─── Records provided ───

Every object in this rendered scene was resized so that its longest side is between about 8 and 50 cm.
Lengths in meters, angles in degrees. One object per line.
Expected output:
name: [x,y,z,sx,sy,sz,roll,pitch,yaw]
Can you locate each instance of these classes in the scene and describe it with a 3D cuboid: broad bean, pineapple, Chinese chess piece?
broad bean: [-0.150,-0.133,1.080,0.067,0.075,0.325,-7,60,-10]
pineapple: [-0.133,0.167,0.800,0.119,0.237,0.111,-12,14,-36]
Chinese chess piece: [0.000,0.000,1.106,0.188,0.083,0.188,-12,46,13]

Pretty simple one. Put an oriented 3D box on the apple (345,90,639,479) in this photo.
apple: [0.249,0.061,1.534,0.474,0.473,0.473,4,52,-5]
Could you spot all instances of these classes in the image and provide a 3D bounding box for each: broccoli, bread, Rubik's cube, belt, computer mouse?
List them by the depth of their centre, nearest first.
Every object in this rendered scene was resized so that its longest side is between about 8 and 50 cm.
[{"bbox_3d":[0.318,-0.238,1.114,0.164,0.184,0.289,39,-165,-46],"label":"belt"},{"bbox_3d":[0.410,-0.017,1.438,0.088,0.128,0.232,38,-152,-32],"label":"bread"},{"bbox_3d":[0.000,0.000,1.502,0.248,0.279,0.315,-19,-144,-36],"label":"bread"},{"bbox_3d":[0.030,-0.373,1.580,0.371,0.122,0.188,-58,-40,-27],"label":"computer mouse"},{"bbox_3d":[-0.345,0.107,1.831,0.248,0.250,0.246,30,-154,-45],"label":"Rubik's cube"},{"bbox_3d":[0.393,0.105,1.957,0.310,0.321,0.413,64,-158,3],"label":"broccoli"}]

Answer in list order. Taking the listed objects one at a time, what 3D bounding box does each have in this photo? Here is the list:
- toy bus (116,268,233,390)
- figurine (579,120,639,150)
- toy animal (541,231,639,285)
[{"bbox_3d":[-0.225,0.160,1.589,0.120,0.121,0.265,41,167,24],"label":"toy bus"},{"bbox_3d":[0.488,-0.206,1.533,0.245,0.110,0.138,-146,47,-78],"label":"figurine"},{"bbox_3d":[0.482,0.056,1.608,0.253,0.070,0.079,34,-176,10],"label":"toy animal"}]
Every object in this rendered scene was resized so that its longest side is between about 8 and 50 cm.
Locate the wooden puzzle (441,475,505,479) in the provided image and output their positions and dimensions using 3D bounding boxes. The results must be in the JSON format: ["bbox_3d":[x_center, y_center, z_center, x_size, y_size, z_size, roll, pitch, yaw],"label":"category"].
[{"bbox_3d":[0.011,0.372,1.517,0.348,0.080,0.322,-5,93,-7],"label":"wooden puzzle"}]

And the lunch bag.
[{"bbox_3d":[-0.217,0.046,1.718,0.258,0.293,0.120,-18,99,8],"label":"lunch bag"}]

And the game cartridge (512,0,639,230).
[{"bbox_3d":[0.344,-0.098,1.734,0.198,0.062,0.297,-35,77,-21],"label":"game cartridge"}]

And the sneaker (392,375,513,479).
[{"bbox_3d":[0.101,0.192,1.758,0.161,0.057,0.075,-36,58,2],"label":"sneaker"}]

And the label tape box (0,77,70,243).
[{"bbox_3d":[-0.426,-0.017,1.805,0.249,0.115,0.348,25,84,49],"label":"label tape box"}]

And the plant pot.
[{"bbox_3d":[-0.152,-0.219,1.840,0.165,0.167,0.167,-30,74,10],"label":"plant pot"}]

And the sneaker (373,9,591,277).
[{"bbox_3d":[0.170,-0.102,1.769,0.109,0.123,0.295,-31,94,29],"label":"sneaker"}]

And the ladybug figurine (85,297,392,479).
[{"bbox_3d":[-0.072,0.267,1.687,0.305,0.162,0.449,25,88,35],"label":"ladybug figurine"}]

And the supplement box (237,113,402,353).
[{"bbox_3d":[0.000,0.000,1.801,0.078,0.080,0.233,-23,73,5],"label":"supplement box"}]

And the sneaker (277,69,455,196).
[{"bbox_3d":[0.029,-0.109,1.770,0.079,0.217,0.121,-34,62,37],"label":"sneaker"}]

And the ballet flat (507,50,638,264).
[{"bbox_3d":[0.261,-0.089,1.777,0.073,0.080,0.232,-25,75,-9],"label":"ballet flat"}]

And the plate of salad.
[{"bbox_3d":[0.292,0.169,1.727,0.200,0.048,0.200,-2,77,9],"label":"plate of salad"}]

───

#### Work instructions:
Every line of the listing should be repeated exactly.

#### Answer box:
Every object in this rendered scene was resized so that its longest side is between about 8 and 50 cm.
Lengths in meters, angles in degrees. One object per line.
Expected output:
name: [x,y,z,sx,sy,sz,roll,pitch,yaw]
Can you locate each instance of these classes in the scene and describe it with a 3D cuboid: broad bean, pineapple, Chinese chess piece?
broad bean: [-0.150,-0.133,1.080,0.067,0.075,0.325,-7,60,-10]
pineapple: [-0.133,0.167,0.800,0.119,0.237,0.111,-12,14,-36]
Chinese chess piece: [0.000,0.000,1.106,0.188,0.083,0.188,-12,46,13]

Pretty simple one. Put an oriented 3D box on the apple (345,90,639,479) in this photo.
apple: [0.249,0.061,1.534,0.474,0.473,0.473,4,52,-5]
Could you spot all instances of these classes in the image and provide a 3D bounding box for each: broccoli, bread, Rubik's cube, belt, computer mouse?
List them by the depth of their centre, nearest first.
Every object in this rendered scene was resized so that its longest side is between about 8 and 50 cm.
[{"bbox_3d":[0.318,-0.238,1.114,0.164,0.184,0.289,39,-165,-46],"label":"belt"},{"bbox_3d":[0.410,-0.017,1.438,0.088,0.128,0.232,38,-152,-32],"label":"bread"},{"bbox_3d":[0.000,0.000,1.502,0.248,0.279,0.315,-19,-144,-36],"label":"bread"},{"bbox_3d":[0.030,-0.373,1.580,0.371,0.122,0.188,-58,-40,-27],"label":"computer mouse"},{"bbox_3d":[-0.345,0.107,1.831,0.248,0.250,0.246,30,-154,-45],"label":"Rubik's cube"},{"bbox_3d":[0.393,0.105,1.957,0.310,0.321,0.413,64,-158,3],"label":"broccoli"}]

Answer in list order. Taking the listed objects one at a time, what 3D bounding box does each have in this photo? Here is the list:
- toy bus (116,268,233,390)
- figurine (579,120,639,150)
- toy animal (541,231,639,285)
[{"bbox_3d":[-0.225,0.160,1.589,0.120,0.121,0.265,41,167,24],"label":"toy bus"},{"bbox_3d":[0.488,-0.206,1.533,0.245,0.110,0.138,-146,47,-78],"label":"figurine"},{"bbox_3d":[0.482,0.056,1.608,0.253,0.070,0.079,34,-176,10],"label":"toy animal"}]
Every object in this rendered scene was resized so that its longest side is between about 8 and 50 cm.
Locate the wooden puzzle (441,475,505,479) in the provided image and output their positions and dimensions using 3D bounding boxes. The results must be in the JSON format: ["bbox_3d":[x_center, y_center, z_center, x_size, y_size, z_size, roll, pitch, yaw],"label":"category"].
[{"bbox_3d":[0.011,0.372,1.517,0.348,0.080,0.322,-5,93,-7],"label":"wooden puzzle"}]

And the lunch bag.
[{"bbox_3d":[-0.217,0.046,1.718,0.258,0.293,0.120,-18,99,8],"label":"lunch bag"}]

And the game cartridge (512,0,639,230).
[{"bbox_3d":[0.344,-0.098,1.734,0.198,0.062,0.297,-35,77,-21],"label":"game cartridge"}]

And the sneaker (392,375,513,479).
[{"bbox_3d":[0.101,0.192,1.758,0.161,0.057,0.075,-36,58,2],"label":"sneaker"}]

And the label tape box (0,77,70,243).
[{"bbox_3d":[-0.426,-0.017,1.805,0.249,0.115,0.348,25,84,49],"label":"label tape box"}]

And the plant pot.
[{"bbox_3d":[-0.152,-0.219,1.840,0.165,0.167,0.167,-30,74,10],"label":"plant pot"}]

And the sneaker (373,9,591,277).
[{"bbox_3d":[0.170,-0.102,1.769,0.109,0.123,0.295,-31,94,29],"label":"sneaker"}]

And the ladybug figurine (85,297,392,479).
[{"bbox_3d":[-0.072,0.267,1.687,0.305,0.162,0.449,25,88,35],"label":"ladybug figurine"}]

And the supplement box (237,113,402,353).
[{"bbox_3d":[0.000,0.000,1.801,0.078,0.080,0.233,-23,73,5],"label":"supplement box"}]

And the sneaker (277,69,455,196).
[{"bbox_3d":[0.029,-0.109,1.770,0.079,0.217,0.121,-34,62,37],"label":"sneaker"}]

And the ballet flat (507,50,638,264).
[{"bbox_3d":[0.261,-0.089,1.777,0.073,0.080,0.232,-25,75,-9],"label":"ballet flat"}]

And the plate of salad.
[{"bbox_3d":[0.292,0.169,1.727,0.200,0.048,0.200,-2,77,9],"label":"plate of salad"}]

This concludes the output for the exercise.